Rep. Ilhan Omar (D., Minn.) called the fatal Minneapolis police shooting of Dolal Idd a "state sanctioned murder"—despite body-camera footage showing that Idd fired at police first.
Idd, a 23-year-old black man, was inside his vehicle at a gas station parking lot when Minneapolis police surrounded him on December 30, suspecting he was involved in a felony gun crime.
Police chief Medaria Arradondo said that Idd shot at police from within his vehicle—something confirmed by body-camera footage and eyewitness testimony—before police returned fire, ABC News reported.
Omar, a longtime critic of the Minneapolis police, condemned the officers' actions and called the department a "joke" in a tweet following the shooting.
MPD is a joke, this isn’t transparency or accountability.
A man was killed, his family terrorized & robbed of a son and all they are left w/ is more questions than answers.
Let’s stop normalizing + justifying state sanctioned murder by those who take an oath to uphold the law. https://t.co/PPYcYvCa6i
— Ilhan Omar (@IlhanMN) January 1, 2021
In the tape, which the police department released less than one day after the shooting, officers can be heard demanding that Idd put his hands up. The window of Idd's car then shattered outward because of a gunshot fired toward police from within the vehicle. Officers fired back several times, killing Idd.

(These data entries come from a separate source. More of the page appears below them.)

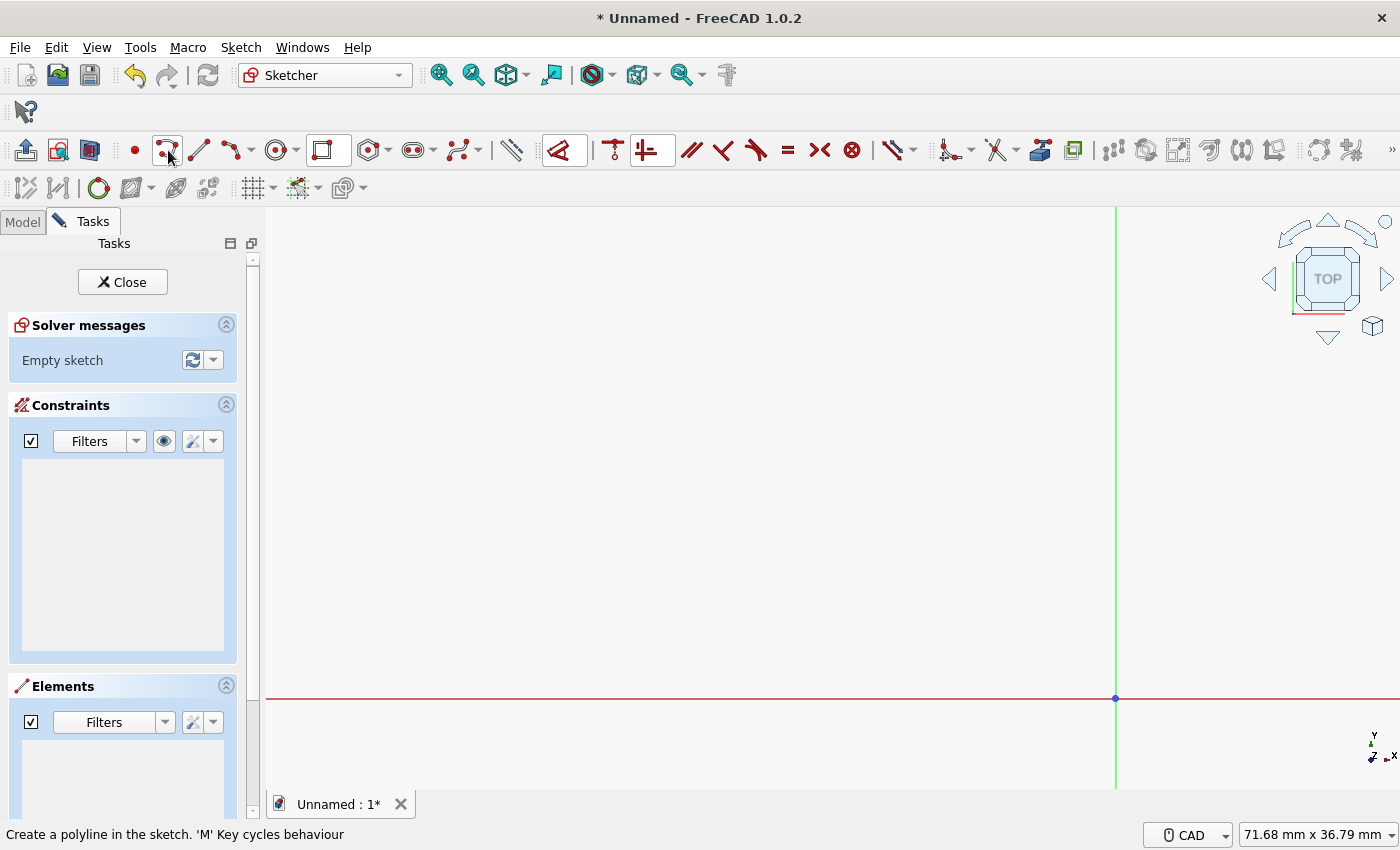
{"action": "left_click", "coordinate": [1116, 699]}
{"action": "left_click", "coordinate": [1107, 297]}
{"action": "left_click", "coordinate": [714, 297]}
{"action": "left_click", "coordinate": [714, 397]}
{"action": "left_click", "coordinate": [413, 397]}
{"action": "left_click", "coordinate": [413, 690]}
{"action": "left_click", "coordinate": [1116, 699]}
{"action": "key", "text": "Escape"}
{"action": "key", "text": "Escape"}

Idd's shooting occurred near where George Floyd died in police custody last year. After Floyd's death, Omar, whose district includes Minneapolis, called for dismantling the city's police department.
"I will never cosign on funding a police department that continues to brutalize us," Omar said at a rally in June. "Not only do we need to disinvest in police, but we need to completely dismantle the Minneapolis police department."
In response to anti-cop activists, the Minneapolis City Council approved a massive $7.7 million budget cut to the police department last month, despite skyrocketing homicide and violent-crime rates in the city.
State authorities are investigating the incident.